When a individual has many files with different run accessions (e.g ERR001268), this means it was sequenced multiple times. This can either be for the same experiment, some centres used multiplexing to have better control over their coverage levels for the low coverage sequencing, or because it was sequenced using different protocols or on different platforms.
For a full description of the sequencing conducted for the project please look at our sequence.index file
The 1000 Genomes Project created what they defined as accessibilty masks for the pilot phase, phase 1 and phase 3 of the Project.

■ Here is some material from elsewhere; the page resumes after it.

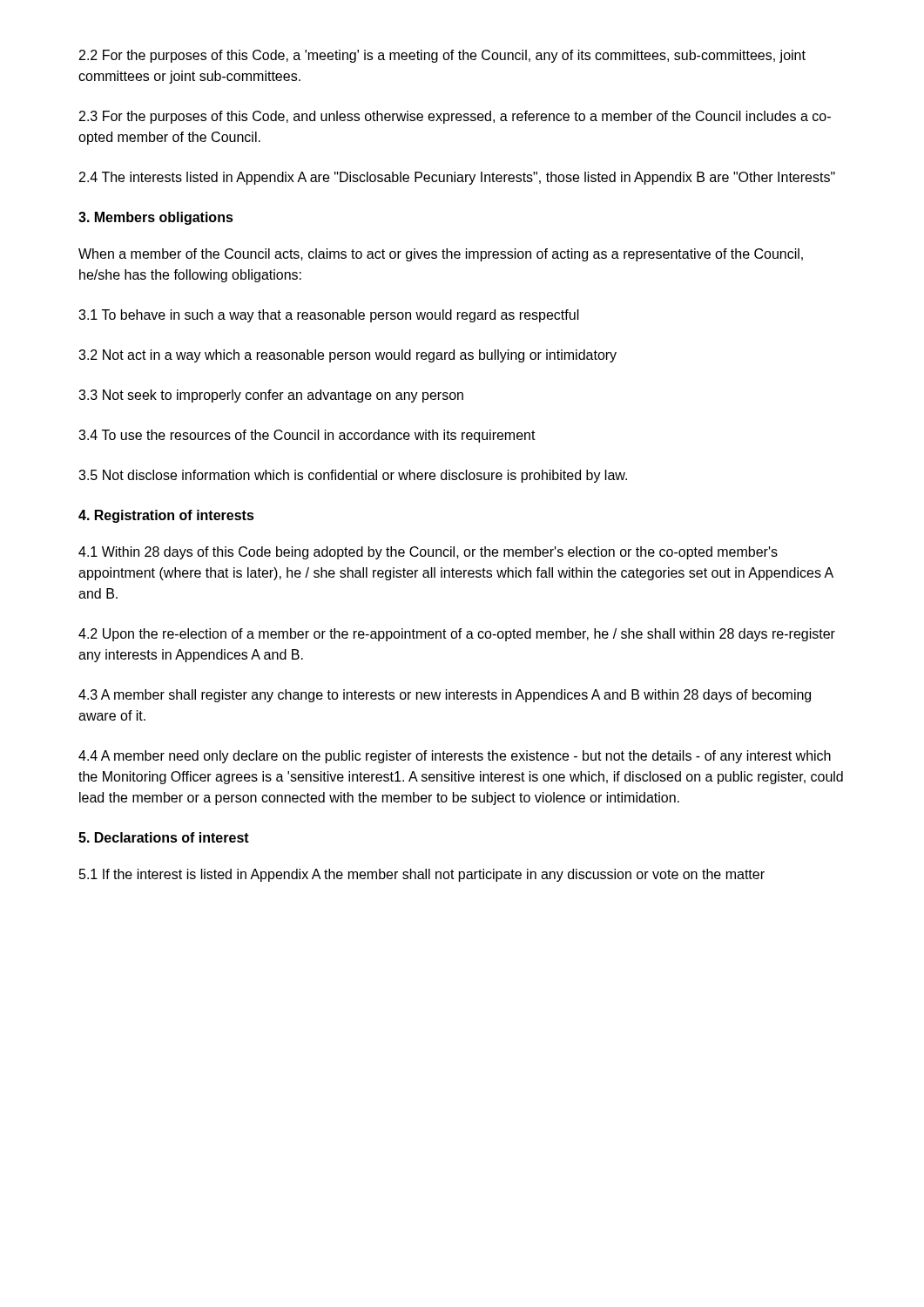This screenshot has width=924, height=1307.
Task: Locate the section header that says "4. Registration of"
Action: [166, 515]

The pilot mask showed that only 85% of the genome is accessible to accurate analysis with the short read technology used by the 1000 Genomes pilot project. The remaining 15% is either repeats or segmental duplications. There is more information about the pilot mask in README.callability_masks.
For the phase 1 analysis using the pilot callability criteria 94% of the genome was accessible. A stricter mask was also created for the phase 1 project to be used for population genetics analysis; this mask used a narrower band of coverage criteria and also insisted that less than 0.1% of reads have a mapping quality of 0 and the average mapping quality should be 56 or higher. These criteria lead to 72.2% of the genome being accessible to accurate analysis with the short read technology used at that time by the 1000 Genomes Project. Further information is in section 10.4 of the supplementary material from the phase 1 publication.
In phase 3, using the pilot criteria 95.9% of the genome was found to be accessible. For the stricter mask created during phase 3, 76.9% was found to be accessible. A detailed description of the accessibility masks created during phase 3, the final phase of the Project, can be found in section 9.2 of the supplementary material for the main publication. The percentages quoted are for non-N bases.